-- Provided records follows --
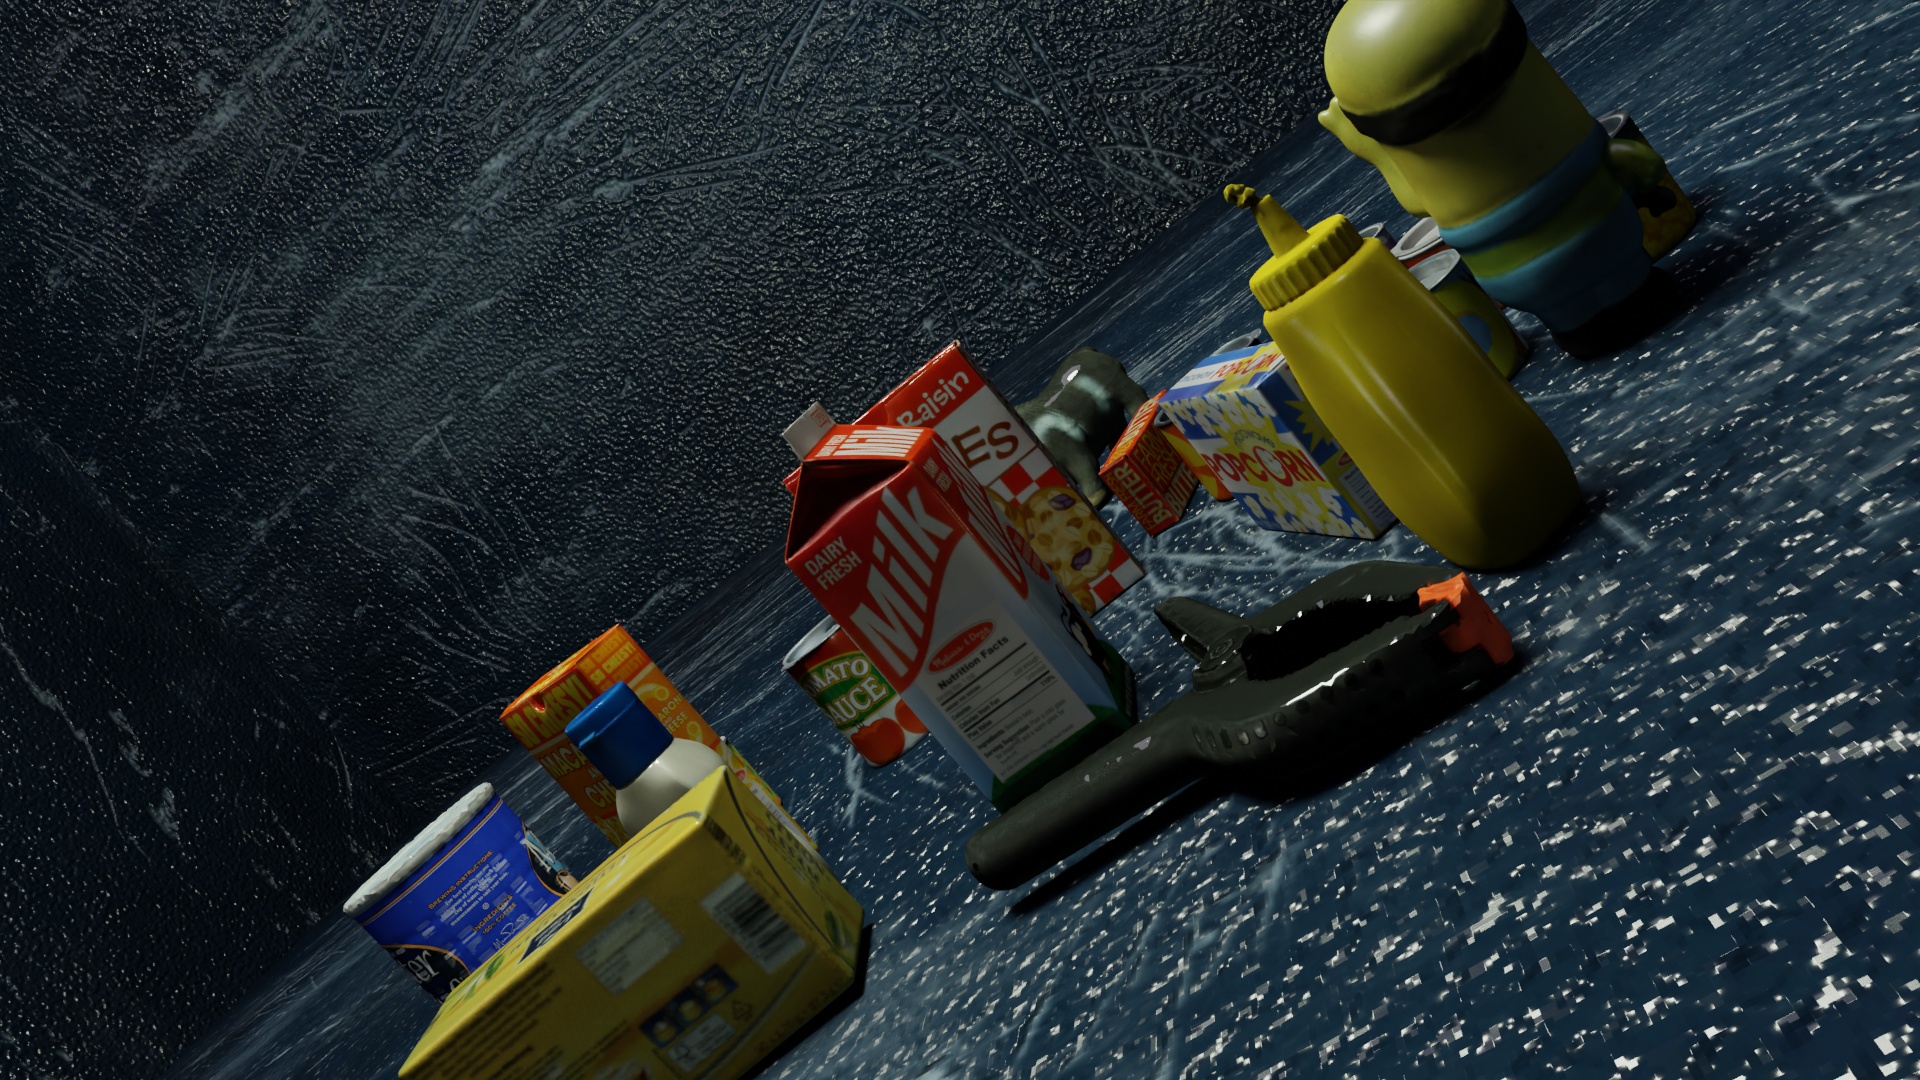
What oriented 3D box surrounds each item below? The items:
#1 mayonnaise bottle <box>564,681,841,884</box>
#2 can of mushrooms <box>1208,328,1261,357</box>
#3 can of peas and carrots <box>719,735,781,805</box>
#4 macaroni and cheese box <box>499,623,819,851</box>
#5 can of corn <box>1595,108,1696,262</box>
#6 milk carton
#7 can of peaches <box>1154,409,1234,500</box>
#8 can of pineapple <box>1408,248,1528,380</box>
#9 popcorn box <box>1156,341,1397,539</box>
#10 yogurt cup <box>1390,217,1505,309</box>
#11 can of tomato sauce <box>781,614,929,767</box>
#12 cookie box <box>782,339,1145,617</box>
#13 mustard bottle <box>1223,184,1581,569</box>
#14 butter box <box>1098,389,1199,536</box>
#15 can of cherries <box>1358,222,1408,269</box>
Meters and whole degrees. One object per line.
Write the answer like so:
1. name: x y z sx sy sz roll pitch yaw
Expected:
-- Provided records concluded --
• **Exercise goal**: From the line that contains "#7 can of peaches" through the last line of the records above, copy every line exactly and leave out the rest.

• **Answer box**:
#7 can of peaches <box>1154,409,1234,500</box>
#8 can of pineapple <box>1408,248,1528,380</box>
#9 popcorn box <box>1156,341,1397,539</box>
#10 yogurt cup <box>1390,217,1505,309</box>
#11 can of tomato sauce <box>781,614,929,767</box>
#12 cookie box <box>782,339,1145,617</box>
#13 mustard bottle <box>1223,184,1581,569</box>
#14 butter box <box>1098,389,1199,536</box>
#15 can of cherries <box>1358,222,1408,269</box>
Meters and whole degrees. One object per line.
Write the answer like so:
1. name: x y z sx sy sz roll pitch yaw
Expected:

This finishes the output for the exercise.